# Brew Grinder recomendation



## Soniclife (Mar 6, 2018)

(1st post from delurk, so I'll start with some waffle)

I've been 'a bit interested in coffee' for a while now, after a trip to Italy many years ago sparked my interest. Back home attempting to get good results with whatever coffee kit I had at the time and supermarket grinds didn't produce good results, which lead me to alt.coffee, which was the main (only?) real online coffee resource back then. Discovered the joys of decent fresh coffee from Hill and Valley (one of the first UK coffee webshops?), then to home roasting, first with a popcorn maker, then with the Gene café, before I ultimately decided I could not match the results of commercial roasters when I gave up home roasting. I still have the Gene, I intend to do the mods to it and dabble with home roasting a bit in the future, when the mode takes me. I feel that these days I've forgotten almost everything I used to know about coffee, and I haven't been keeping up with any of the forums.

I mainly drink brewed coffee, espresso is only an occasional thing for me, but I've just made the best one I've had in ages as I type this.

My main grinder for the last 10 years has been a Mahlkoenig Vario (ceramic burrs), it's needed fixing multiple times in it's life, it died again on Christmas eve, it's probably just the belt, but I've not taken it apart yet to investigate.

I registered for this site a few years ago when I was looking for a better hand grinder, bought a feld 2, which I've been happy with, it's so much better than the porlex it replaced, those things are hateful to use.

As it goes I had started looking a few weeks ago to see if there were any brew focused grinders on the market I might want, I was also considering the steel burrs for the Vario, but would rather keep it as is for espresso, which it's very good at, as is the Feld2. I much prefer the Vario for brewed over the Feld, to me the Feld emphasise the roast flavour, making everything taste darker than it is, no idea why.

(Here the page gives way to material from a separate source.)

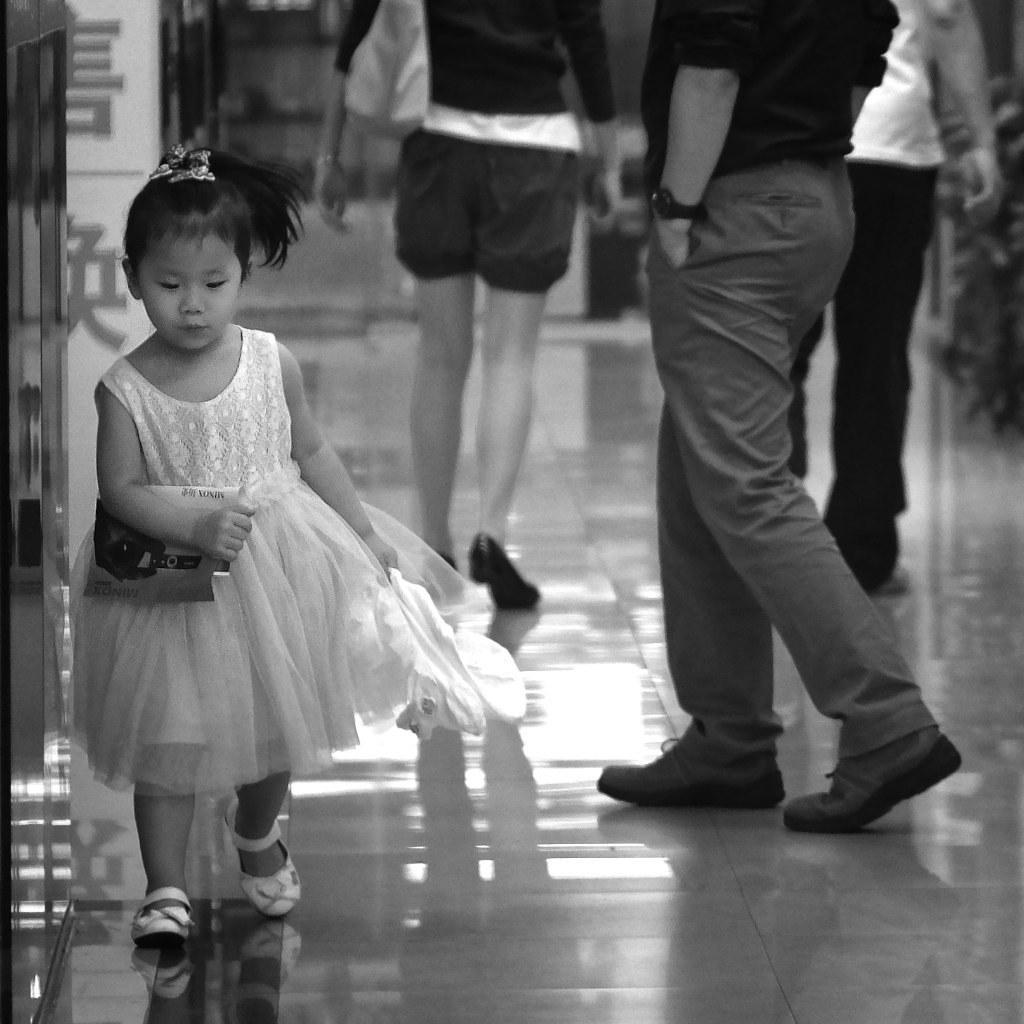Please provide a concise description of this image. In this image I can see the person walking. In the background I can see few other people and the image is in black and white. 
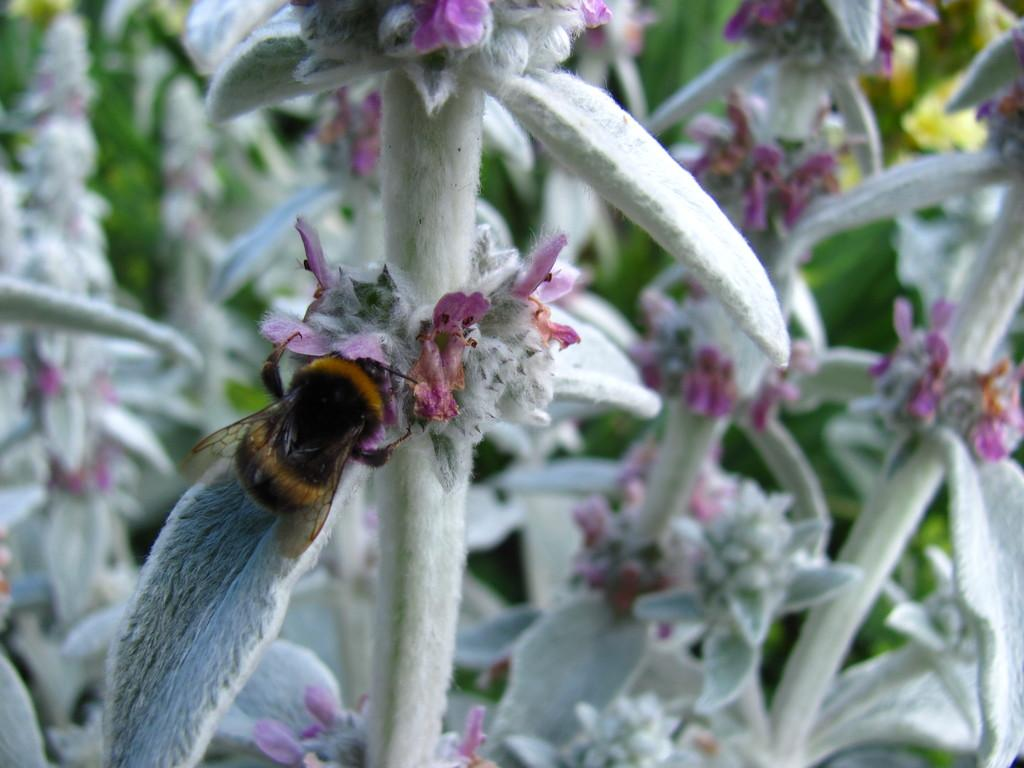What is present in the image that is small and has wings? There is a fly in the image. Where is the fly located in the image? The fly is on the plants. What other living organisms can be seen in the image? There are flowers in the image. What type of powder is being used to style the fly's hair in the image? There is no indication in the image that the fly has hair or that any powder is being used to style it.

The Wilfa Uniform and the Fellow Ode both seem to be designed for me, brew focused, single dose (I never used the hopper on the Vario) and compact. If the Wilfa had been in stock at the good price it was a few weeks ago, and the timing had been better I would probably just have bought one, it looks to tick all my boxes, but as it's mainly out of stock I'm taking the time to ensure it's the best choice for me. The Ode looks like a grinder that's not really quite ready for market, the humming noise, that it might not grind fine enough, and a few other issues give me a lot of pause, I've discounted it for now unless someone wants to try and convince me otherwise, or there is a dealer with a really great returns policy.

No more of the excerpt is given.